Yes it is a pain, but it means users can select either the pixels or the edges of images.
-draw -annotate etc does not need the +0.5 as thay work on pixel coordinates and not image coordinates.
Now does the above produce the same result as gimp?
Unless you are specifying the 'edge' of the pixels/image to move.
To re-iterate 0,0 is the top left EDGE of the image
0.5,0.5 is the top left PIXEL of the image.
The bottom-right EDGE of the image is the images Width,Height
The bottom-left PIXEL is (Width-0.5),(Height-0.5)
Also a un-documented feature (may change) is that FX arguments can take percent escapes!
as such the in a fx argument the bottom right EDGE can be specified as ' ... %w,%h ....'
and the bottom-right PIXEL as '.... %[fx:w-.5],%[fx:h-0.5] ....'
This is a un-documented feature because it is not validates or ratified as being a good direction to allow percent escapes in option arguments. The only other operation that does this is -sparse-colors
Re: SOLVED - Question: Perspective and Coordinates ?
Posted: 2009-05-12T10:37:45-07:00
by rick0
To specify the center of a pixel as a control point you need to add 0.5 to the pixels position to convert it to an image coodinate. that is because pixels have width and height!
Yes that makes sense.
Now does the above produce the same result as gimp?
It doesn't for me Anthony... here is the gimp original image vs your cordinates (+0.50)
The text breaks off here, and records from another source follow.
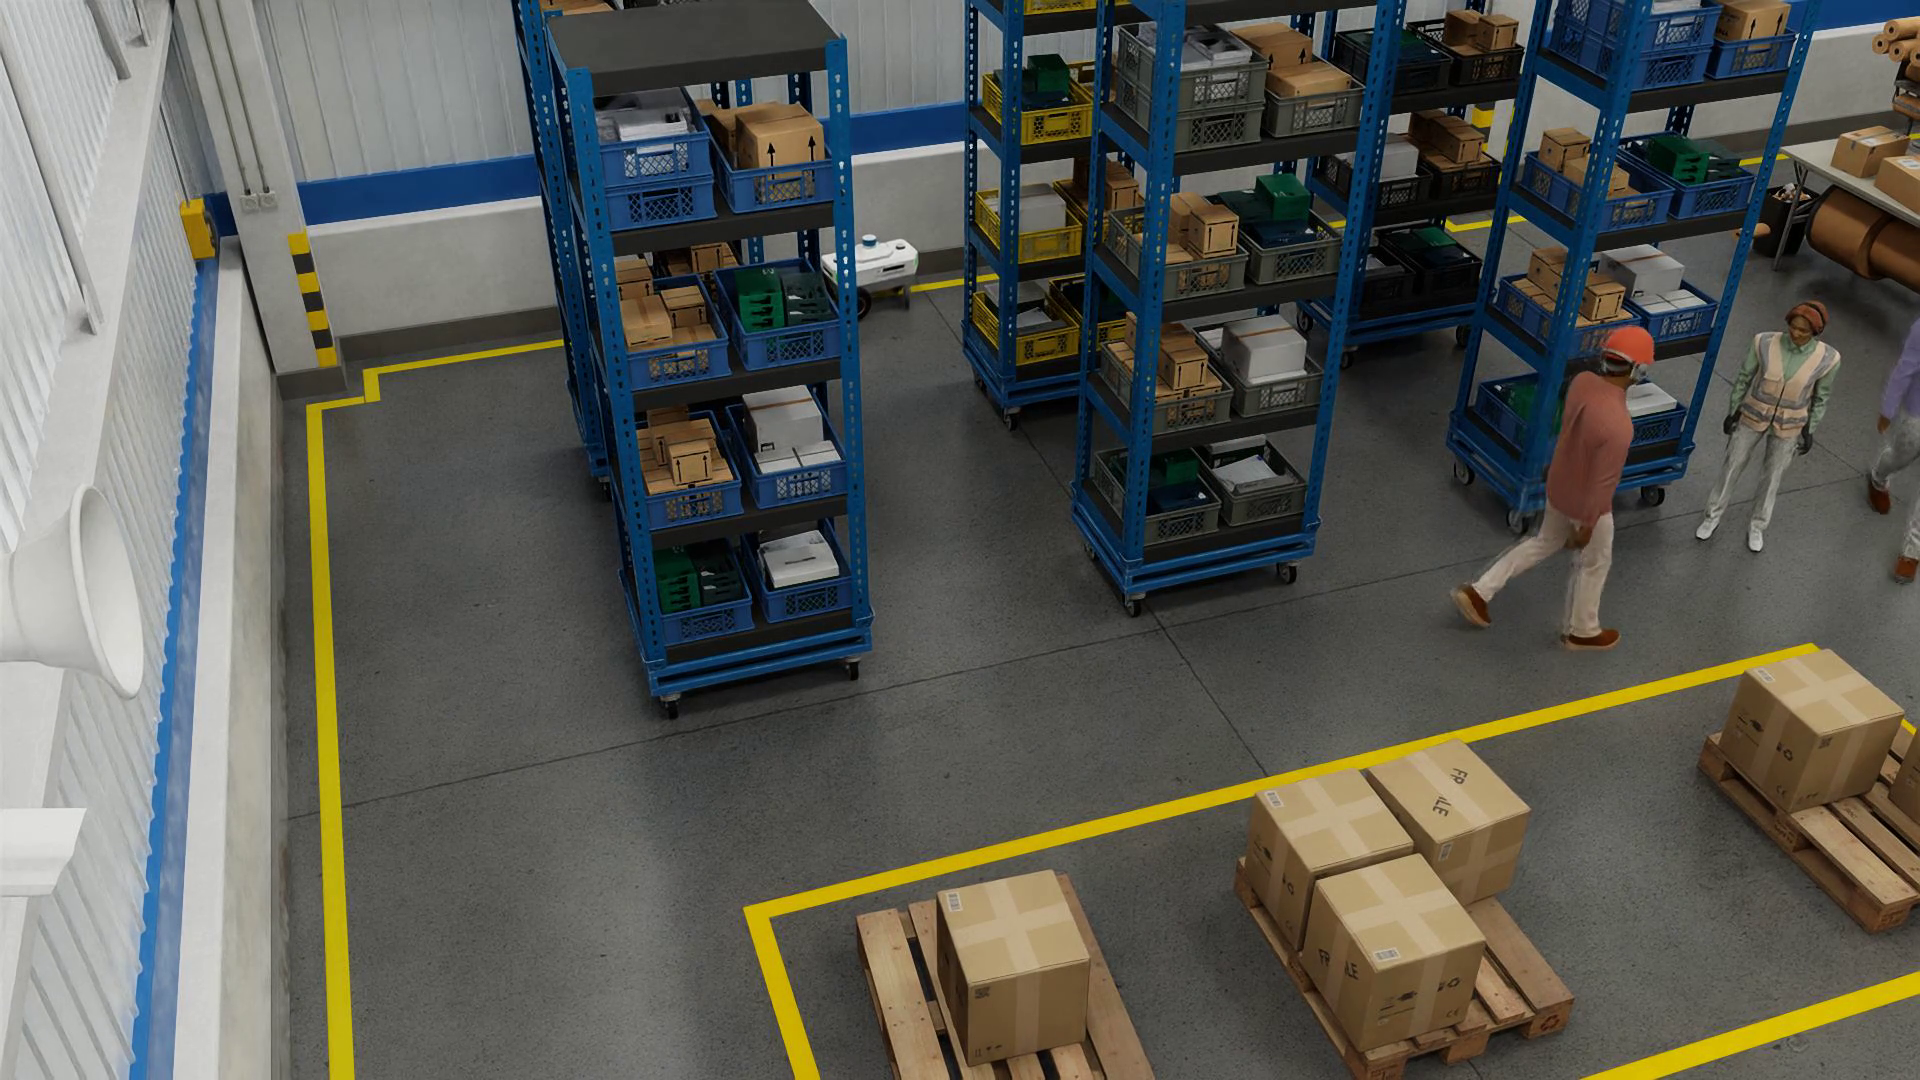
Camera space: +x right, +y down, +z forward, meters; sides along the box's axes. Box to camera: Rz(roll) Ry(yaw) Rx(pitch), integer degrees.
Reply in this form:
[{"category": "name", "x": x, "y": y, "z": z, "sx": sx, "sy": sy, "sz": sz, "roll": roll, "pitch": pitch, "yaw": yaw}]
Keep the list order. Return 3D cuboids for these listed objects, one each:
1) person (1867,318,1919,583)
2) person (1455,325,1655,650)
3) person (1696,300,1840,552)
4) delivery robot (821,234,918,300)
[{"category": "person", "x": 5.752, "y": -0.779, "z": 9.743, "sx": 0.656, "sy": 1.895, "sz": 0.982, "roll": 14, "pitch": 37, "yaw": 19}, {"category": "person", "x": 3.262, "y": -0.250, "z": 8.939, "sx": 0.837, "sy": 1.952, "sz": 0.620, "roll": -6, "pitch": 36, "yaw": -9}, {"category": "person", "x": 4.784, "y": -0.682, "z": 9.819, "sx": 0.512, "sy": 1.639, "sz": 0.311, "roll": 16, "pitch": 38, "yaw": 22}, {"category": "delivery robot", "x": -0.685, "y": -2.087, "z": 12.668, "sx": 0.707, "sy": 0.478, "sz": 0.477, "roll": -16, "pitch": 38, "yaw": -22}]

the only that get exact the same is :
convert pic/test.png -matte -virtual-pixel transparent -distort Perspective "0,0 0,0 0,306 0,306 463,306 423,277 463,0 423,18" pic/test_im_50.png
But to be honest maybe is something I did wrong, like maybe i didnt measure well the cordinates in gimp and took the inside of the pixel instead of the outside ... so don't worry to much about it.
For me this post solved my problem
Thanks a million again! great support! 5/5
Re: SOLVED - Question: Perspective and Coordinates ?
Posted: 2009-05-12T18:53:28-07:00
by anthony
Well it obviously isn't correct. and it is off by far more than just 1/2 a pixel! more like 2 to 3 pixels.
Making the animation a little slower would have been better, so you can see what image was from what source. I downloaded the image and ran it through the "flicker_cmp" script from the IM examples 'scripts' directory to display it at a slower rate, so I could see what image was what.
Gimp's image has a perfectly vertical right edge, but the coordinates used for IM are not lined up vertically, so it does not produce a vertical right edge. Something was definataly screwy with the coordinates.
The top-left corner does shift about 1/2 a pixel but in a odd top-right to bottom-left diagonal direction, which is even more odd. And such shift due to the use of different coordinate systems would be in a top-left to bottom right diagonal direction.
Curiouser, and curiouser said Alice!
But if you are happy then I'll leave it at that, until we can get someone to do some more exact comparisons.